Is the problem that fans will get upset by the attempt at manipulation? Not really. Think of all the instances listed above and people still came back to see what would happen next. In some instances, it actually increased an audience because the buzz was so strong - think back to Scott Hall's Nitro debut as a shining example of that.

What about how many times these "pipe bombs" have been dropped? Nah -- they're not done all that often and typically feel unique and fresh enough to work.

What about the concept that some of the "boys in the back" get angry because they've kept in the dark? That's certainly not ideal, but so long as it's done sparingly.

So if it's not, then what exactly is the problem?

The problem is that if the audience is trained to think a Worked Shoot is real... then what it does it say about the rest of the people on your wrestling show? When MJF "breaks kayfabe" on live television, there are no real consequences to his actions. Sure, they may tease suspensions or some such as this story progresses... but let's not forget what brought about this angle in the first place - the guy legit no-showed a fan event and he didn't receive any punishment for that.  So why would in storyline terms would he be suspended NOW?

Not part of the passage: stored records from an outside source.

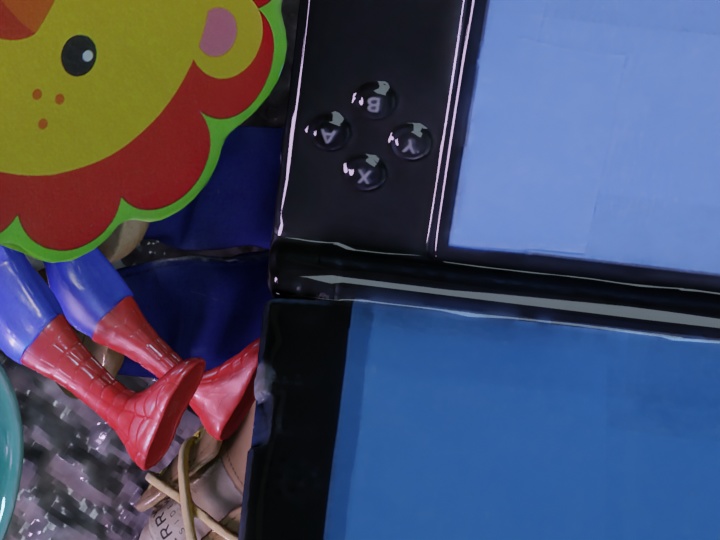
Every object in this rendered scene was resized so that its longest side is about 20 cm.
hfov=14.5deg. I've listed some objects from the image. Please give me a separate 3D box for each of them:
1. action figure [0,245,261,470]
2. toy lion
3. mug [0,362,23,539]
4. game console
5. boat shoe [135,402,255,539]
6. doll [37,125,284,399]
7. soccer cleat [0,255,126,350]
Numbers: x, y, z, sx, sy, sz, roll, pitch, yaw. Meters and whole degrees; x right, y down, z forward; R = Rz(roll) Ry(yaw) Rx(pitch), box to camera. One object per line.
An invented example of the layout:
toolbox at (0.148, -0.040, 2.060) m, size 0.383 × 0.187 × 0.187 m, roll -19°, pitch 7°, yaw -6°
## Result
action figure at (-0.108, -0.030, 0.730) m, size 0.200 × 0.065 × 0.052 m, roll 36°, pitch 118°, yaw 18°
toy lion at (-0.108, -0.070, 0.618) m, size 0.192 × 0.069 × 0.200 m, roll -53°, pitch 128°, yaw -13°
mug at (-0.188, 0.059, 0.746) m, size 0.152 × 0.114 × 0.185 m, roll 4°, pitch 118°, yaw -50°
game console at (0.078, 0.009, 0.659) m, size 0.200 × 0.118 × 0.171 m, roll 6°, pitch 121°, yaw -3°
boat shoe at (-0.029, 0.080, 0.789) m, size 0.066 × 0.074 × 0.200 m, roll -4°, pitch 130°, yaw -29°
doll at (0.000, 0.000, 0.828) m, size 0.200 × 0.048 × 0.137 m, roll -3°, pitch 115°, yaw -36°
soccer cleat at (-0.087, -0.076, 0.802) m, size 0.085 × 0.069 × 0.200 m, roll -1°, pitch 100°, yaw -27°

But beyond that, if MJF can get away with swearing and burying his boss... why wouldn't Wardlow, Britt Baker, Jon Moxley and everyone on the show do the exact same thing? Remember, you can do whatever you want and there are no consequences. There's a real-life reason they won't the same thing -- MJF's promo will no longer seem unique -- but what does that say about everyone else?

Sure, they've advanced MJF's position in the company (and truly, the industry) with this promo, but they've made everyone else on the roster look "less than." And it's certainly not an indictment on this one AEW segment. Go back to the Montreal Screwjob, CM Punk's pipebomb, Brian Pillman shooting in WCW and then showing up in ECW, or any number of other worked shoots. The people who broke the rules come across as stars, while everyone else on the roster are positioned as saps who can't break the fourth wall.

And that's a pretty big problem, and one that's tough to overcome.